(RECORDS SUPPLIED Opens)

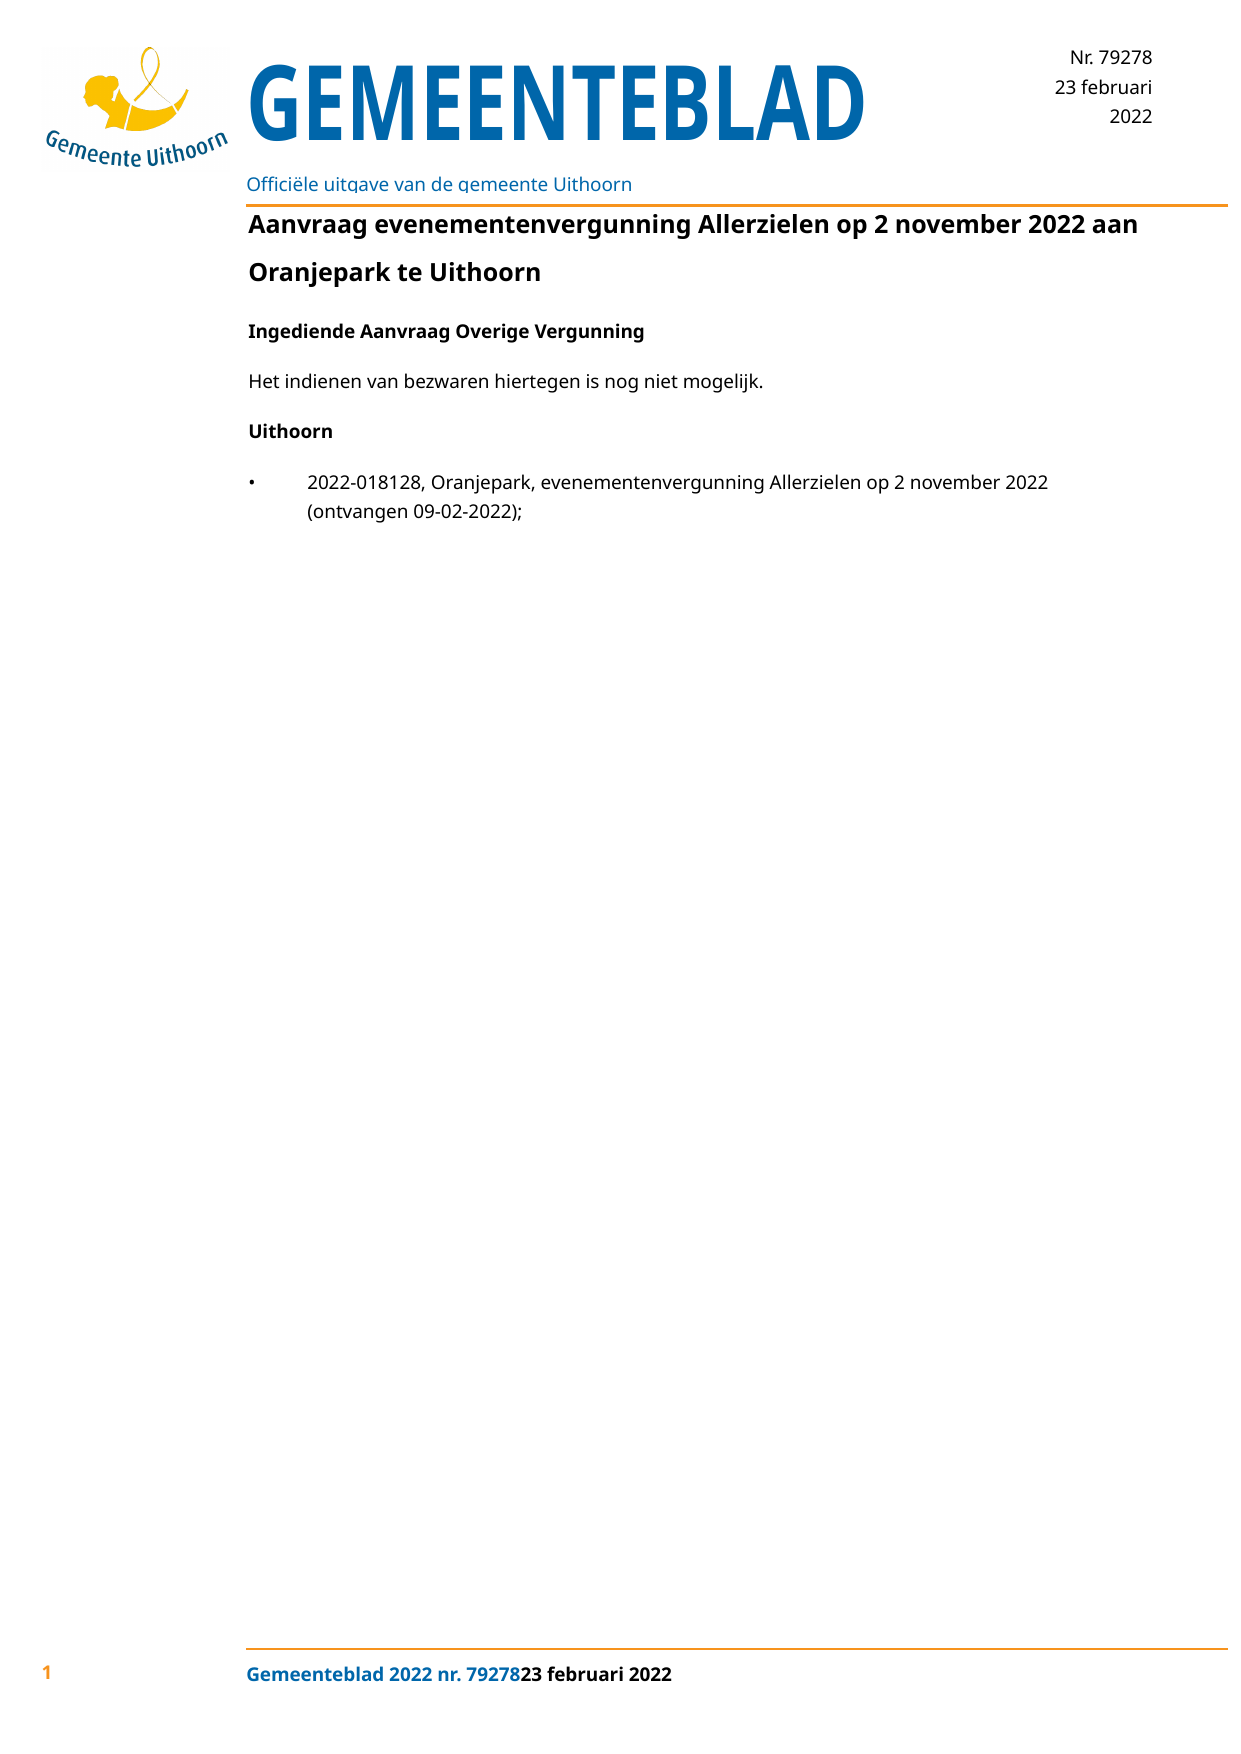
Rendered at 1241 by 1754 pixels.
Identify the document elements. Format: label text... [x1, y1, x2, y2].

text Ingediende Aanvraag Overige Vergunning [248, 318, 1152, 344]
text Het indienen van bezwaren hiertegen is nog niet mogelijk. [248, 368, 1152, 394]
picture [41, 47, 231, 172]
list 2022-018128, Oranjepark, evenementenvergunning Allerzielen op 2 november 2022 (ontvangen 09-02-2022); [248, 469, 1152, 524]
text Aanvraag evenementenvergunning Allerzielen op 2 november 2022 aan Oranjepark te Uithoorn [248, 207, 1152, 288]
text Uithoorn [248, 419, 1152, 444]
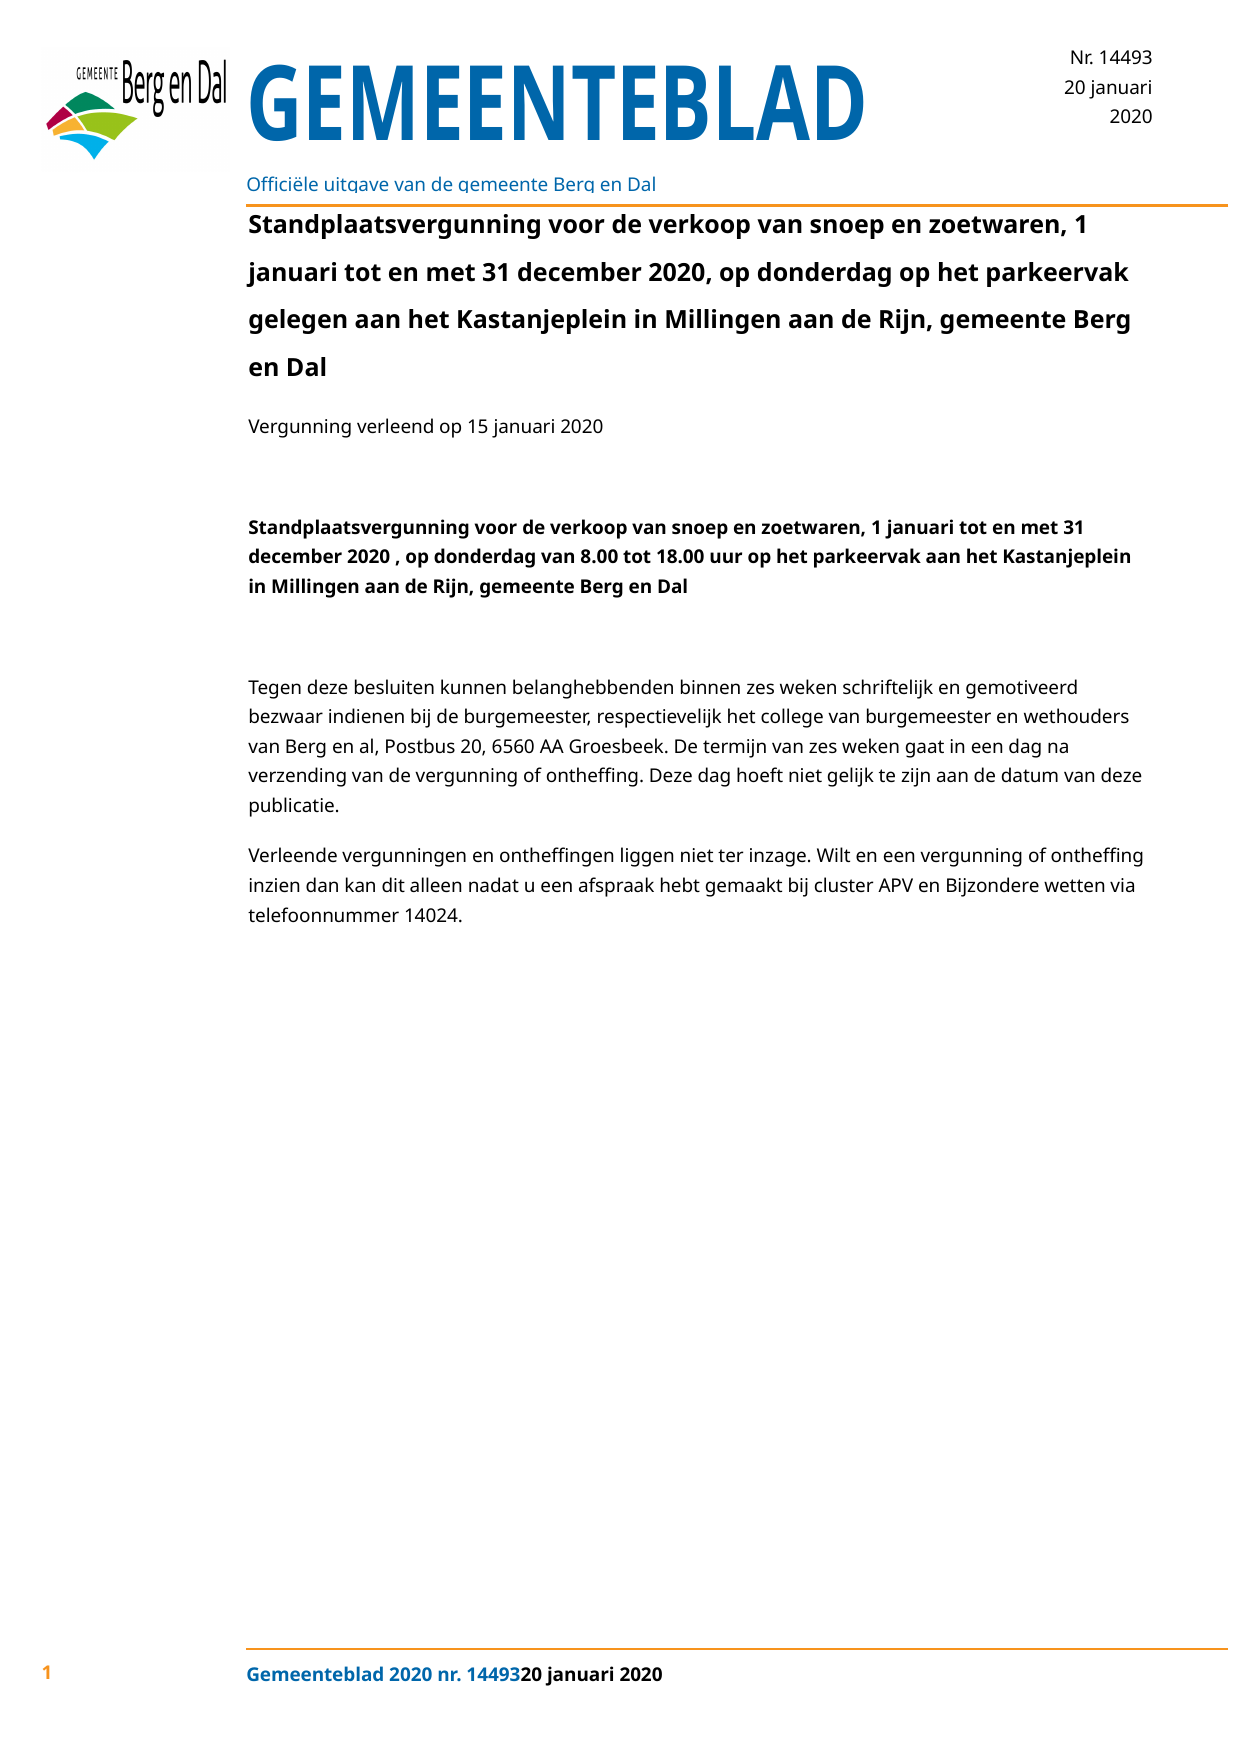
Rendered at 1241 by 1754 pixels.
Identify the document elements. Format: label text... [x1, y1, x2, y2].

text Standplaatsvergunning voor de verkoop van snoep en zoetwaren, 1 januari tot en met 31 december 2020, op donderdag op het parkeervak gelegen aan het Kastanjeplein in Millingen aan de Rijn, gemeente Berg en Dal [248, 207, 1152, 384]
text Standplaatsvergunning voor de verkoop van snoep en zoetwaren, 1 januari tot en met 31 december 2020 , op donderdag van 8.00 tot 18.00 uur op het parkeervak aan het Kastanjeplein in Millingen aan de Rijn, gemeente Berg en Dal [248, 514, 1152, 599]
text Tegen deze besluiten kunnen belanghebbenden binnen zes weken schriftelijk en gemotiveerd bezwaar indienen bij de burgemeester, respectievelijk het college van burgemeester en wethouders van Berg en al, Postbus 20, 6560 AA Groesbeek. De termijn van zes weken gaat in een dag na verzending van de vergunning of ontheffing. Deze dag hoeft niet gelijk te zijn aan de datum van deze publicatie. [248, 674, 1152, 818]
text Verleende vergunningen en ontheffingen liggen niet ter inzage. Wilt en een vergunning of ontheffing inzien dan kan dit alleen nadat u een afspraak hebt gemaakt bij cluster APV en Bijzondere wetten via telefoonnummer 14024. [248, 843, 1152, 928]
text Vergunning verleend op 15 januari 2020 [248, 413, 1152, 439]
picture [41, 47, 231, 172]
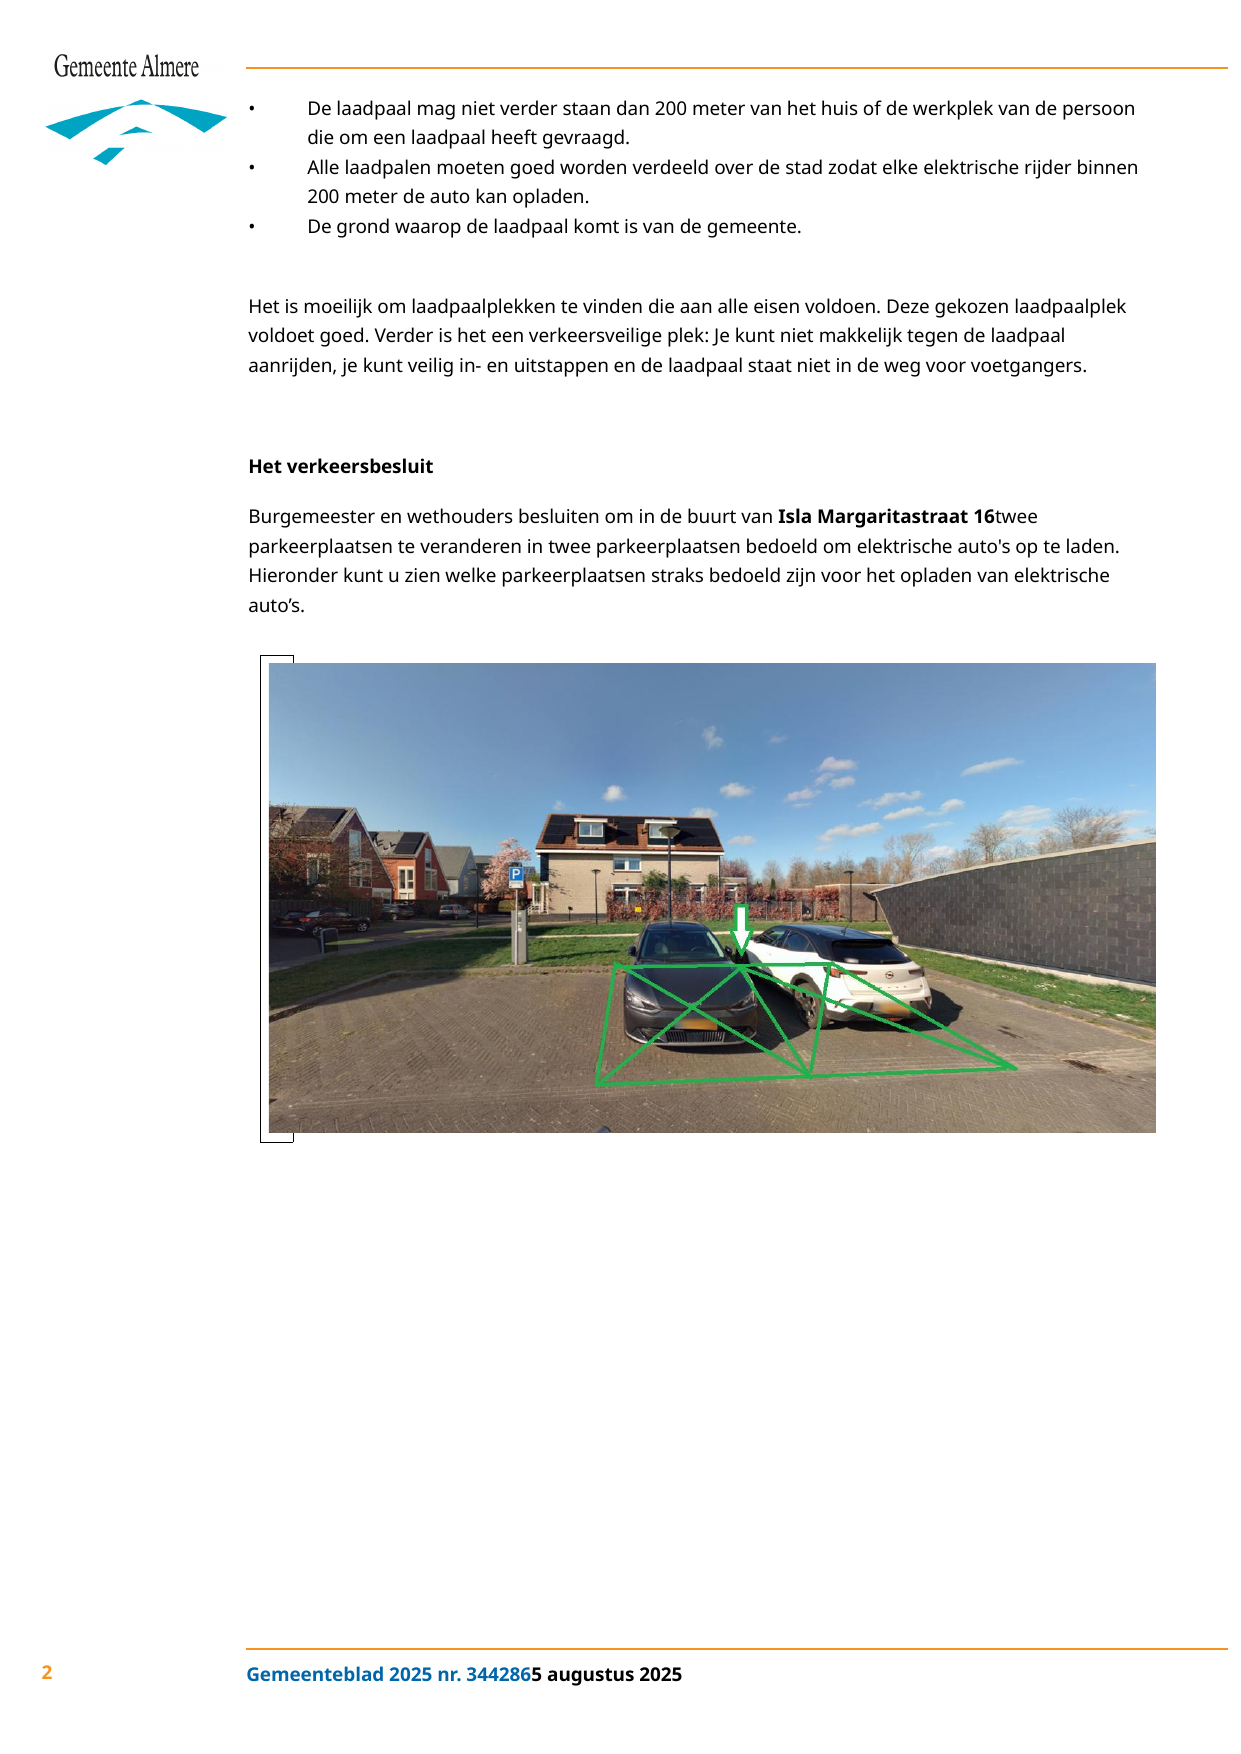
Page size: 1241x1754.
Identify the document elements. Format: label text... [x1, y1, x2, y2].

text Het verkeersbesluit [248, 453, 1152, 479]
picture [41, 47, 231, 172]
list De grond waarop de laadpaal komt is van de gemeente. [248, 213, 1152, 239]
text Het is moeilijk om laadpaalplekken te vinden die aan alle eisen voldoen. Deze gekozen laadpaalplek voldoet goed. Verder is het een verkeersveilige plek: Je kunt niet makkelijk tegen de laadpaal aanrijden, je kunt veilig in- en uitstappen en de laadpaal staat niet in de weg voor voetgangers. [248, 293, 1152, 378]
list De laadpaal mag niet verder staan dan 200 meter van het huis of de werkplek van de persoon die om een laadpaal heeft gevraagd. [248, 95, 1152, 150]
picture [268, 663, 1156, 1133]
list Alle laadpalen moeten goed worden verdeeld over de stad zodat elke elektrische rijder binnen 200 meter de auto kan opladen. [248, 154, 1152, 209]
text Burgemeester en wethouders besluiten om in de buurt van Isla Margaritastraat 16twee parkeerplaatsen te veranderen in twee parkeerplaatsen bedoeld om elektrische auto's op te laden. Hieronder kunt u zien welke parkeerplaatsen straks bedoeld zijn voor het opladen van elektrische auto’s. [248, 503, 1152, 618]

(RECORDS SUPPLIED Closes)

• PROBLEM STATEMENT:
Identify each line of the material where the word "meter" shows up, and copy it.

• SOLUTION:
list De laadpaal mag niet verder staan dan 200 meter van het huis of de werkplek van de persoon die om een laadpaal heeft gevraagd. [248, 95, 1152, 150]
list Alle laadpalen moeten goed worden verdeeld over de stad zodat elke elektrische rijder binnen 200 meter de auto kan opladen. [248, 154, 1152, 209]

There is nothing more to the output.